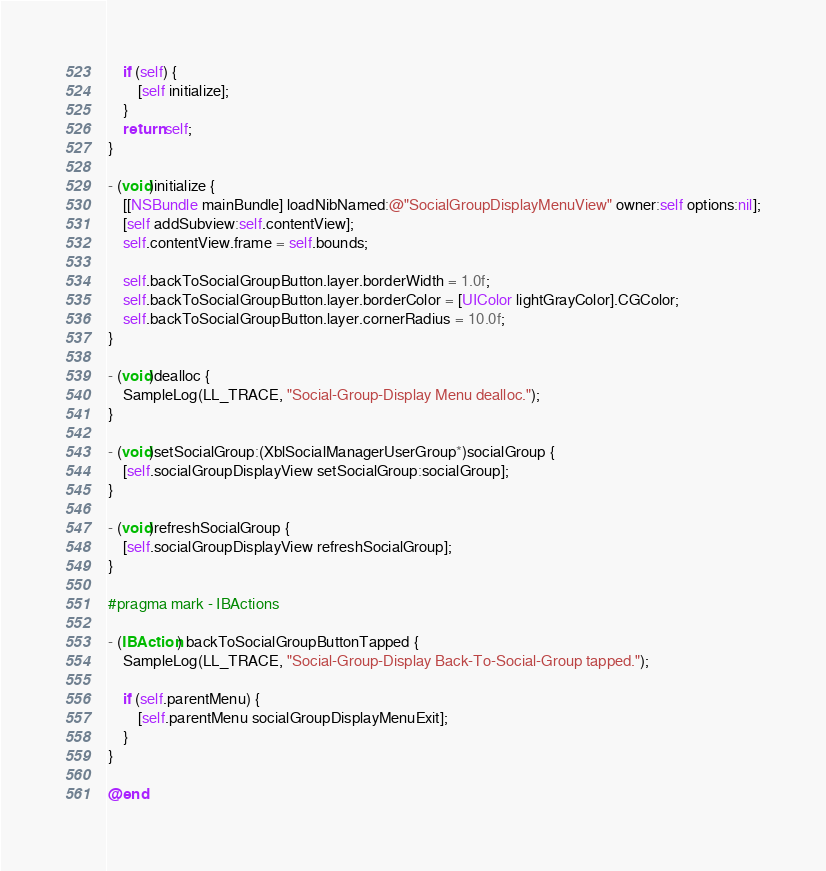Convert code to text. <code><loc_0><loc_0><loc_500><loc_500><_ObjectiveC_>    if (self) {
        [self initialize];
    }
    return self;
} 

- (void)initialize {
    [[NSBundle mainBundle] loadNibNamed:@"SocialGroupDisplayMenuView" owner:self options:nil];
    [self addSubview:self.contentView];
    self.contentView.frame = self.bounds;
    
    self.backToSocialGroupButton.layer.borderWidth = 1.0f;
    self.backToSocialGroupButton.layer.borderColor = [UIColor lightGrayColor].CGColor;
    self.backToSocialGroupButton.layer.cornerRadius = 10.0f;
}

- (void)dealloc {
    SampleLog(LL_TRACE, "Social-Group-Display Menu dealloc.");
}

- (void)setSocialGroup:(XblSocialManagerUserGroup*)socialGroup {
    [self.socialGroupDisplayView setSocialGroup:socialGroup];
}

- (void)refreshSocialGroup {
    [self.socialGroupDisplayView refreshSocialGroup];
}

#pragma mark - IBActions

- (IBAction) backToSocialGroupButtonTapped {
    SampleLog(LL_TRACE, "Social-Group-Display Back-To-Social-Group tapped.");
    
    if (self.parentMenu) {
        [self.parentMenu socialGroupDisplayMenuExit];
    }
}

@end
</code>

= = = = = = =

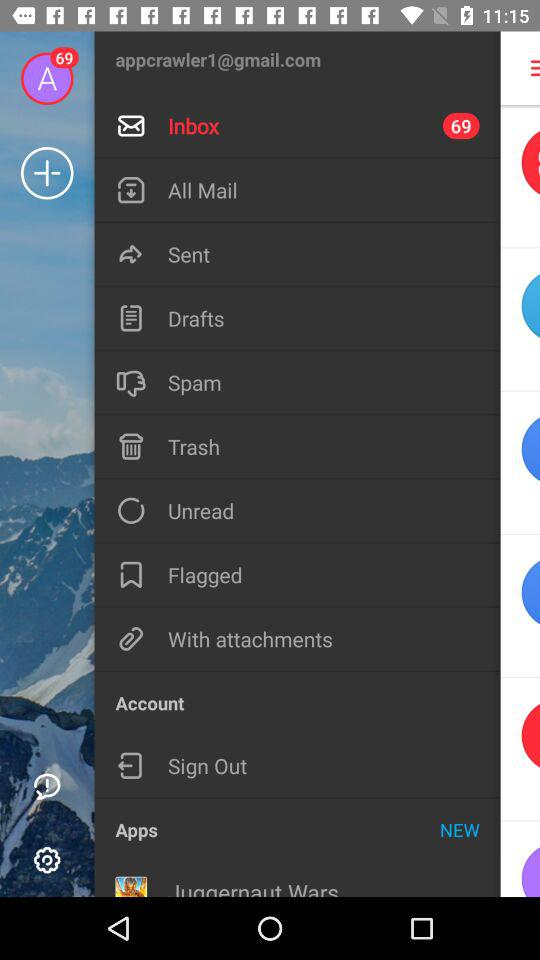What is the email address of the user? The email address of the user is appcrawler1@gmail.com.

= = = = = = =

→ Exercise description:
Give the count of lines in the records above that hold the string "refreshSocialGroup", and only that count.

→ The answer:
2